My own experience with amps rated at 15 watts and more was that the clean tone was OK, but when the output tubes were overdriven the distortion was too harsh and "ice-picky" for my tastes.  My goal was to design an amp that had both great clean and overdriven tones.
I decided that this new amp should provide about 25 watts clean and 50 watts distorted with a switchable 5 watt mode.  This power level would be usable for most gigs and practicing and would be ideal for recording.  I couldn't find any examples of 25 watt singled-ended triode guitar amps so I had to design the Flex 15 from scratch.  I knew it was crazy to design a 25 watt single-ended triode amp, but I decided to try.

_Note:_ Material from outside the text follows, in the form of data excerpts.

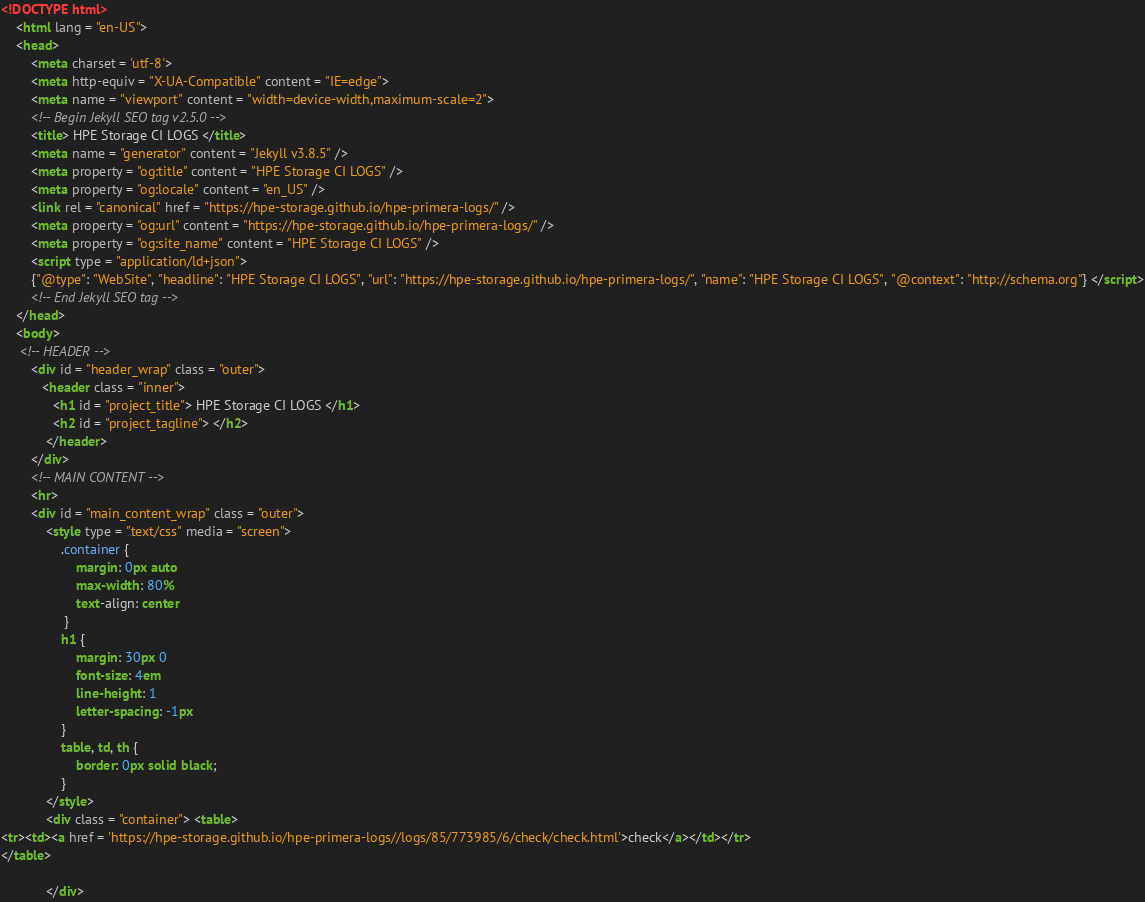Convert code to text. <code><loc_0><loc_0><loc_500><loc_500><_HTML_>
<!DOCTYPE html>
    <html lang = "en-US">
    <head>
        <meta charset = 'utf-8'>
        <meta http-equiv = "X-UA-Compatible" content = "IE=edge">
        <meta name = "viewport" content = "width=device-width,maximum-scale=2">
        <!-- Begin Jekyll SEO tag v2.5.0 -->
        <title> HPE Storage CI LOGS </title>
        <meta name = "generator" content = "Jekyll v3.8.5" />
        <meta property = "og:title" content = "HPE Storage CI LOGS" />
        <meta property = "og:locale" content = "en_US" />
        <link rel = "canonical" href = "https://hpe-storage.github.io/hpe-primera-logs/" />
        <meta property = "og:url" content = "https://hpe-storage.github.io/hpe-primera-logs/" />
        <meta property = "og:site_name" content = "HPE Storage CI LOGS" />
        <script type = "application/ld+json">
        {"@type": "WebSite", "headline": "HPE Storage CI LOGS", "url": "https://hpe-storage.github.io/hpe-primera-logs/", "name": "HPE Storage CI LOGS", "@context": "http://schema.org"} </script>
        <!-- End Jekyll SEO tag -->
    </head>
    <body>
     <!-- HEADER -->
        <div id = "header_wrap" class = "outer">
           <header class = "inner">
              <h1 id = "project_title"> HPE Storage CI LOGS </h1>
              <h2 id = "project_tagline"> </h2>
            </header>
        </div>
        <!-- MAIN CONTENT -->
        <hr>
        <div id = "main_content_wrap" class = "outer">
            <style type = "text/css" media = "screen">
                .container {
                    margin: 0px auto
                    max-width: 80%
                    text-align: center
                 }
                h1 {
                    margin: 30px 0
                    font-size: 4em
                    line-height: 1
                    letter-spacing: -1px
                }
                table, td, th {
                    border: 0px solid black;
                }
            </style>
            <div class = "container"> <table>
<tr><td><a href = 'https://hpe-storage.github.io/hpe-primera-logs//logs/85/773985/6/check/check.html'>check</a></td></tr>
</table>

            </div></code>

I looked at triode curves for several types of power tubes before determining that EL34 and 6L6 tubes would be the best choices.  3 power tubes in parallel would be needed to acheive the desired power level.  There is also one 12AX7 and two 12AT7s.  One 12AT7 is used to drive the output tubes and one is used to buffer the effects loop.   I found that very large transformers are required for this configuration.  The transformers used are as large (and expensive) as those in 100 watt push-pull amps.  The output transformer weighs 11 pounds.
It took me about one year to get the prototypes working as well as I had hoped.  Most of that time was spent eliminating hum (more difficult with single-ended designs), eliminating oscillations (harder with no negative feedback), and making the channel and effects loop switching as quiet as possible.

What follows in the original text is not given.